Computing machine in the example of Fig. 1 comprises Memory Management Unit (' MMU ') (106), and Memory Management Unit (' MMU ') (106) comprises director cache (104) again.For the purpose of being easy to explanation, MMU (106) and high-speed cache (108) are shown as the outside separate functional unit of processor (156).But those of ordinary skill in the art should be realized that MMU and high-speed cache can be integrated in the processor itself.MMU (106) general proxy processor (156) is carried out the operation of reference-to storage.MMU utilizes high-speed transitions lookaside buffer or (slower) memory mapping (map) to determine that the content of the storage address that processor is sought is whether in high-speed cache.If the content of destination address is in high-speed cache, on behalf of processor, MMU visit it rapidly, so as from high-speed cache reading of data or with in the data write cache.If the content of destination address not in high-speed cache, MMU with the operation in the processor postpone long to enough from primary memory time of the content of searched targets address.

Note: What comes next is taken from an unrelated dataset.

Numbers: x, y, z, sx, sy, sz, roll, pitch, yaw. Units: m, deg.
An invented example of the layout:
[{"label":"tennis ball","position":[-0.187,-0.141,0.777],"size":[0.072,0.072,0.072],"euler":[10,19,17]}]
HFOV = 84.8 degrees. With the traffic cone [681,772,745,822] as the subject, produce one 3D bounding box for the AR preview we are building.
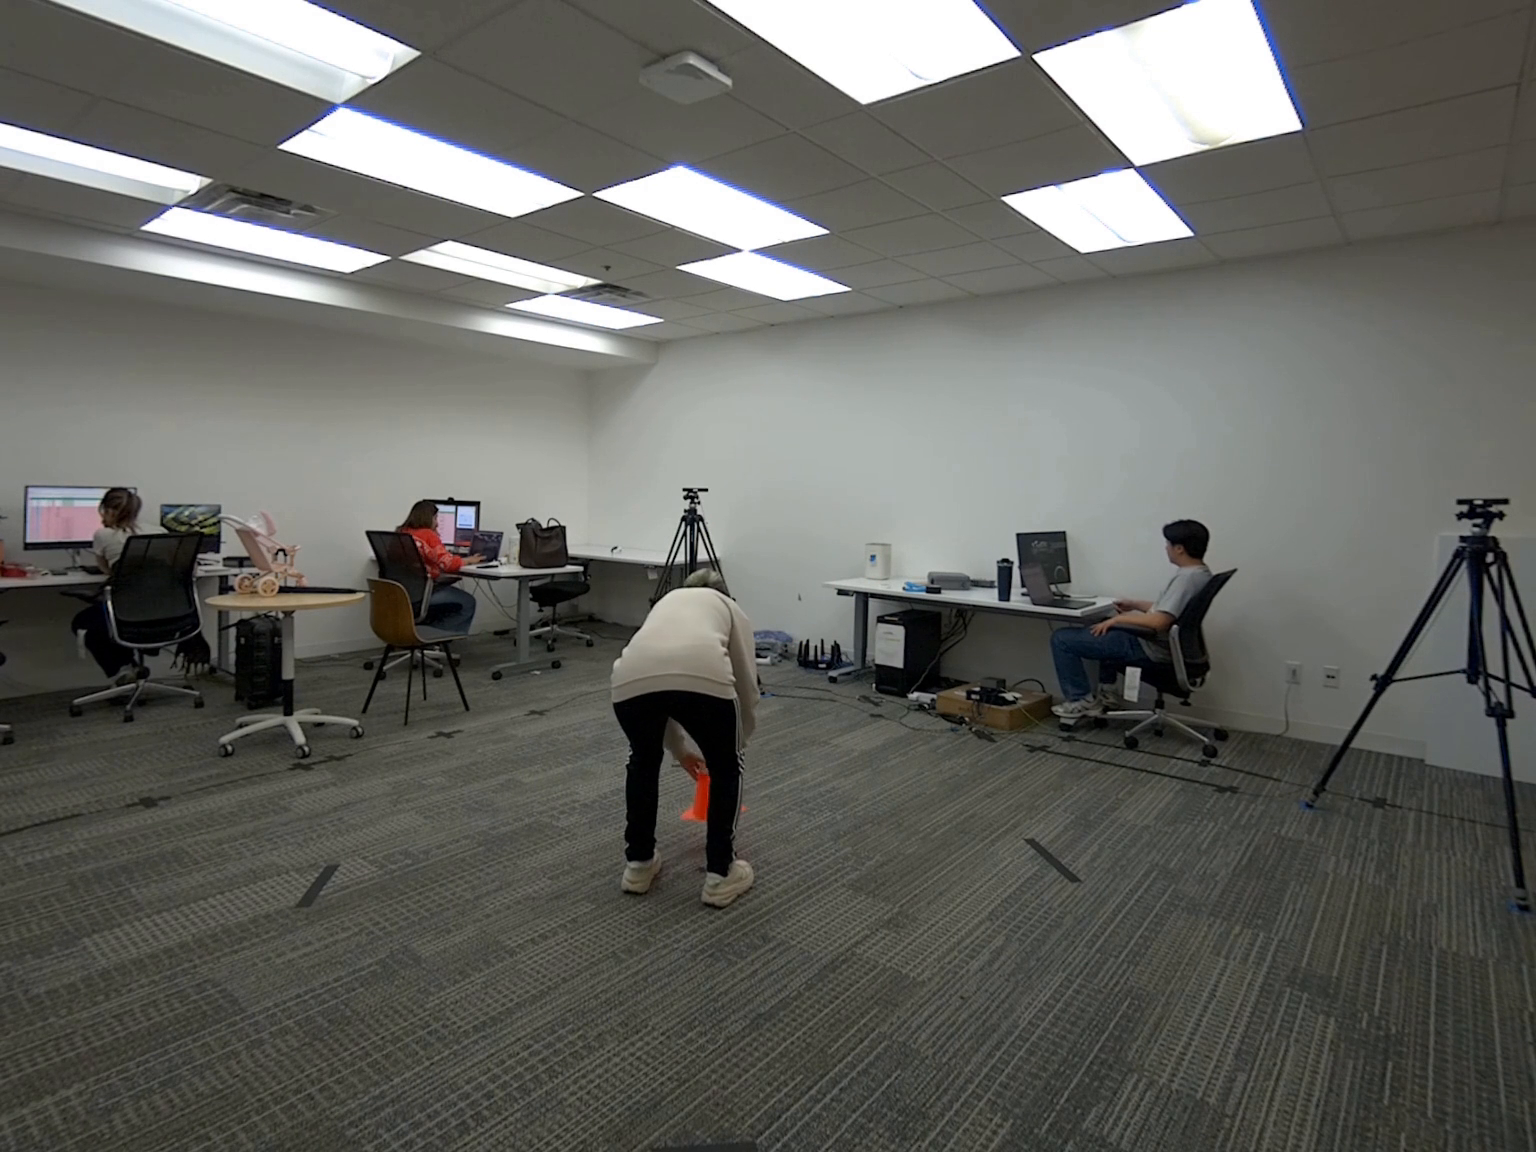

Data are to being finished by director cache (104) with actual storage and loading from high-speed cache.In this example, director cache (104) has the interconnection line (103 that branch is clipped to pseudostatic ram instruction execution unit (100) and memory instruction execution unit (102), 105), and, director cache (104) can from the performance element the processor (156) accept simultaneously storage instruction and load instructions the two.Director cache (104) also has discrete and interconnection line (107 computer memory cache (108), 109), be used for from the cache load data and with data storage to high-speed cache, and, director cache (104) can be in the same clock period simultaneously with data storage to the high-speed cache neutralization from the cache load data-as long as data to be loaded and data to be stored are in the discrete cache line in the high-speed cache.

In the example of Fig. 1, memory cache controller (104) can write the address and write data by memory instruction execution unit (102) reception of interconnection line (105) from superscalar processor (156), and memory cache controller (104) can receive the address of reading of reading of data by interconnection line (103) from the pseudostatic ram instruction execution unit (100) of superscale computer processor (156).Write data and reading of data and be will be in present clock period simultaneously to writing and read with going together mutually from computer memory cache, thereby cause access conflict.The cache memory controller can be read reading of data simultaneously and write data-so long as not carrying out read and write at identical cache line in present clock period.Therefore, access conflict is represented in the read-write of pointing to identical cache line simultaneously.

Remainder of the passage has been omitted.